EXERCISE DIRECTIONS –
Restate word for word every line from the top of the data below down through the line that holds "#3 small box <box>0,829,122,959</box>".
━━━━━ EXTRACTED ENTRIES
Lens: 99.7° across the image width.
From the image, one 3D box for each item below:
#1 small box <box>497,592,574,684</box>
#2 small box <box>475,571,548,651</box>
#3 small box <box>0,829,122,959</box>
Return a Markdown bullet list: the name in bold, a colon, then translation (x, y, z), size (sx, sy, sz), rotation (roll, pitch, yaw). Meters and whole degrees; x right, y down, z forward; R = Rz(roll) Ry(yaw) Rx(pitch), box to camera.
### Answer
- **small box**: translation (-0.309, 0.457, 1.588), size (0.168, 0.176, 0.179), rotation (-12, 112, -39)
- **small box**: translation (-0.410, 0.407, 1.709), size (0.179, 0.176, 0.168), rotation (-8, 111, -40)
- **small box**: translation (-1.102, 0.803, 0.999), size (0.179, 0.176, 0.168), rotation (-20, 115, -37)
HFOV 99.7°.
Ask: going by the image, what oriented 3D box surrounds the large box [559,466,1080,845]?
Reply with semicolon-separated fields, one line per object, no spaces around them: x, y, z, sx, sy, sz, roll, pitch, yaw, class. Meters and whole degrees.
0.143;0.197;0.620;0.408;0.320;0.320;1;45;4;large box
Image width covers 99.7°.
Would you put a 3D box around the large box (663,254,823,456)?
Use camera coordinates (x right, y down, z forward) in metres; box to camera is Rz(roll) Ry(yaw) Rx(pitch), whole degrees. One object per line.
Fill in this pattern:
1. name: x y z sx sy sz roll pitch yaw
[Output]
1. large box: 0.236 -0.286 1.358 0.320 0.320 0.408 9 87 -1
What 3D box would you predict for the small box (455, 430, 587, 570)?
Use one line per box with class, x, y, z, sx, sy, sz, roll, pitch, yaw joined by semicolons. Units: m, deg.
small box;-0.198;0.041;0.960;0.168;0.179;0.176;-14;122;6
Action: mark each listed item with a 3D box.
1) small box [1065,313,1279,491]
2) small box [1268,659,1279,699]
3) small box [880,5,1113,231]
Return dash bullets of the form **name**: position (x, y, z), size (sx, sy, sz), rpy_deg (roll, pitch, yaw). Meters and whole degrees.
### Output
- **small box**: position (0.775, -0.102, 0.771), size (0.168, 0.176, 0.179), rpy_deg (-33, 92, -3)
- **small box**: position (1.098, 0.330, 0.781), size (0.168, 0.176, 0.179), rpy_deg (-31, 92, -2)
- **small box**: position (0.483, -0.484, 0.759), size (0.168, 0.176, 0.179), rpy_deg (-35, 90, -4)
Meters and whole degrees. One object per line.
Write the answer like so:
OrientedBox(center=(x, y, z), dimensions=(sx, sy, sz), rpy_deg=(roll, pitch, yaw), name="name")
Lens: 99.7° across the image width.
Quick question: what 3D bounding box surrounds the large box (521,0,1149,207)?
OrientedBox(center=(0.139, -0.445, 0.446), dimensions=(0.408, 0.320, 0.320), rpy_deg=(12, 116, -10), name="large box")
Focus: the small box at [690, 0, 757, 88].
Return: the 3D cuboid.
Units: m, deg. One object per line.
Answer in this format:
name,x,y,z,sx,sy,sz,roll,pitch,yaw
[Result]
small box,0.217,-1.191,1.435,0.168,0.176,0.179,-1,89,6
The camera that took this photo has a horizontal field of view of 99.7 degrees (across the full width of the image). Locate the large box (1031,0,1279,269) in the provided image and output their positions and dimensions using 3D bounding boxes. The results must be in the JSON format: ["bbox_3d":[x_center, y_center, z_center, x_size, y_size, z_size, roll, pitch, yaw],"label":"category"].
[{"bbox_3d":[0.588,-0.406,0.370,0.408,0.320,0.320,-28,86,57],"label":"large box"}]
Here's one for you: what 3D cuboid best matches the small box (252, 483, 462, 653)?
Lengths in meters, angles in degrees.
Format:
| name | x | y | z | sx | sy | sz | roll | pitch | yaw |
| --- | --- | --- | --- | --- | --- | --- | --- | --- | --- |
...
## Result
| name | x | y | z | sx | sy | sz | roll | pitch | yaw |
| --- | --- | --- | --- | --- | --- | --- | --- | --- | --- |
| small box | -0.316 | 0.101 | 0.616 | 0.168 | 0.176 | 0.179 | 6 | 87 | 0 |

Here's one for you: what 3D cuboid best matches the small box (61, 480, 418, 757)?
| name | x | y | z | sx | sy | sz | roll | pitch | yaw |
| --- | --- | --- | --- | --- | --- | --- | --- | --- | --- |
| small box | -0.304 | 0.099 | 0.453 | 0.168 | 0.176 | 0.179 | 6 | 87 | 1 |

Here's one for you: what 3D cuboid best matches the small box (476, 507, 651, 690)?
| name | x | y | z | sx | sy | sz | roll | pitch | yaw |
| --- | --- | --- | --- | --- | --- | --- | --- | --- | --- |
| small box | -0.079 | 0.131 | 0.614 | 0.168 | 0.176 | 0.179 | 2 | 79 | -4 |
━━━━━━━━━━
SOLUTION TO THIS PROBLEM –
Lens: 99.7° across the image width.
From the image, one 3D box for each item below:
#1 small box <box>497,592,574,684</box>
#2 small box <box>475,571,548,651</box>
#3 small box <box>0,829,122,959</box>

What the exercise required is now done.